The first such study, published by David Card and Alan
Krueger in 1994, compared fast food employment in New Jersey and
Pennsylvania after one state raised its minimum wage and the other
didn't. They did not find a significant effect on employment.
Since
then, many similar US "natural experiments" have been studied and have
reached similar findings. In Britain, the Low Pay Commission has
commissioned more than 130 pieces of research, with the great majority
finding that minimum wages boost workers' pay but don't harm employment.
There's
been less research in Australia, but one study by economists at the
Australian National University, Alison Booth and Pamela Katic, suggests
that the facts in Australia seem to fit the "dynamic monopsony" model of
wage-fixing.
Under the simple textbook, "perfect competition"
model of the market for labour, individual firms face a horizontal
supply curve: each firm is so small that its demand for labour has no
effect on the price of labour. It can buy as much labour as it needs at
an unchanged price.
In the dynamic monopsony model, however, each
firm faces an upward-sloping labour supply curve. This is because more
realistic assumptions recognise the existence of "imperfections" or,
more specifically, "frictions".
Such as? Workers may not have
perfect information about all the alternative jobs they could take and
this could make them cautious about moving. Searching for a job may
involve costs in time or money. Workers and jobs may be mismatched
geographically, so changing jobs may involve greater transport costs.
Workers - being humans rather than inanimate commodities - may not have
identical preferences about the jobs available.
In other words, there are practical reasons why it takes a lot for a worker to want to leave their job.
These
frictions, or "transaction costs", are assumed away in the simple
model. But their existence can result in employers having market power,
which they can take advantage of to pay workers less than the value of
what they produce (their marginal product).
Economists call such
power "monopsony" power. Just as a monopolist is a single seller, so a
monopsonist is a single buyer. But don't take that word too literally.
An employer with monopsony power doesn't need to be a monopolist in the
market for its product (the "product" market), nor the sole buyer of
labour in the region or the industry.
"A single employer in a
market with many employers can have monopsonistic power if workers bear
costs of job search," the article continues. In other words, it
possesses a degree of monopsony power.
The point is, if a firm is
facing an upward-sloping labour supply curve and wants to hire more
workers, it may need to pay a higher wage than it is paying its existing
workers. So, if it goes ahead with hiring, it will need to increase the
wage rates of its existing workers.
And this means the firm's
profit-maximising level of employment and wages will both be lower than
they would be under perfect competition.
In such a model, if the
minimum wage rate is set at or below the marginal product of labour,
this won't cause employment to fall and may cause it to rise.
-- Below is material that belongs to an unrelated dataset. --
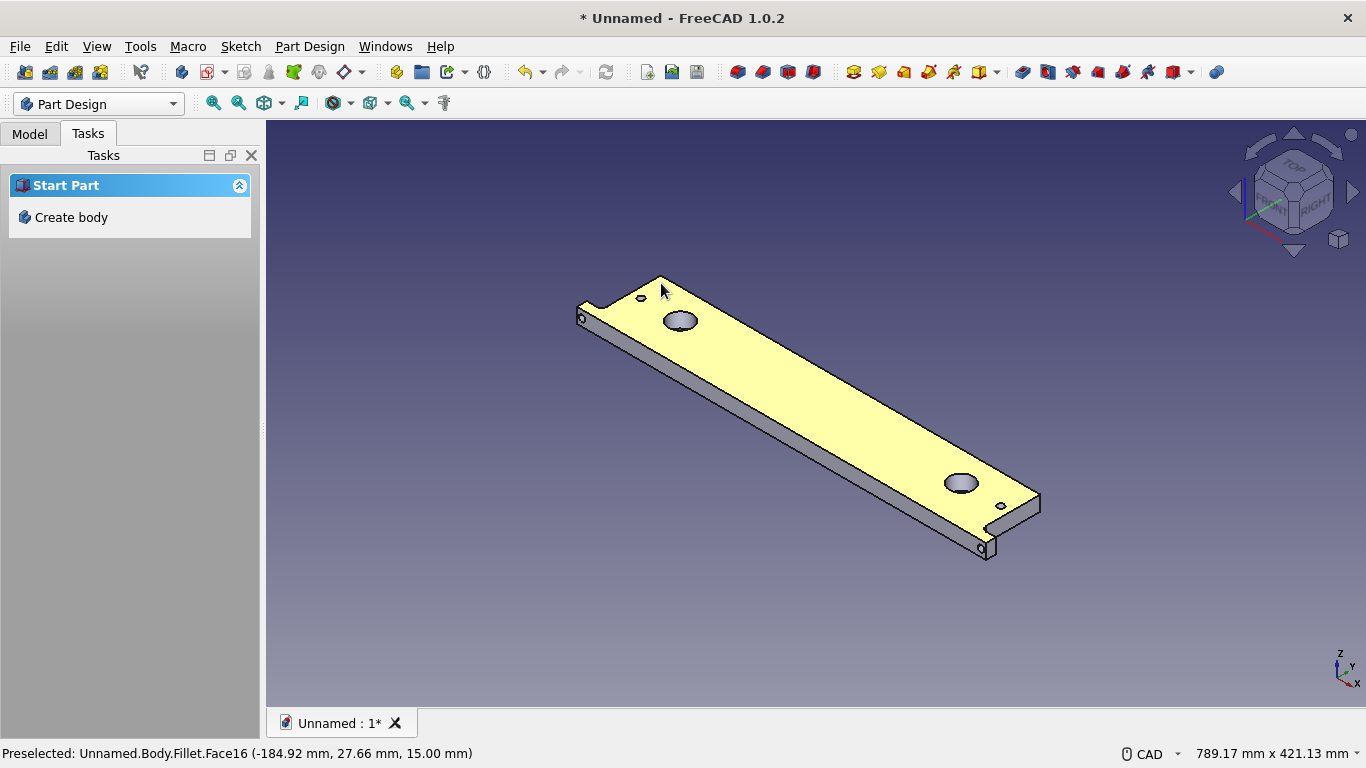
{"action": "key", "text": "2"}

Monopsonistic models don't have an unambiguous prediction for the
employment effect of a minimum wage.
A paper by Bhaskar, Manning
and To, published in the Journal of Economic Perspectives in 2002,
concluded that "a minimum wage set moderately above the market wage may
have a positive effect or a negative effect on employment, but the size
of this effect will generally be small".
It will be interesting to
see how long it takes those many Australian economists who don't
specialise in studying the labour market to catch up with this change in
their profession's thinking.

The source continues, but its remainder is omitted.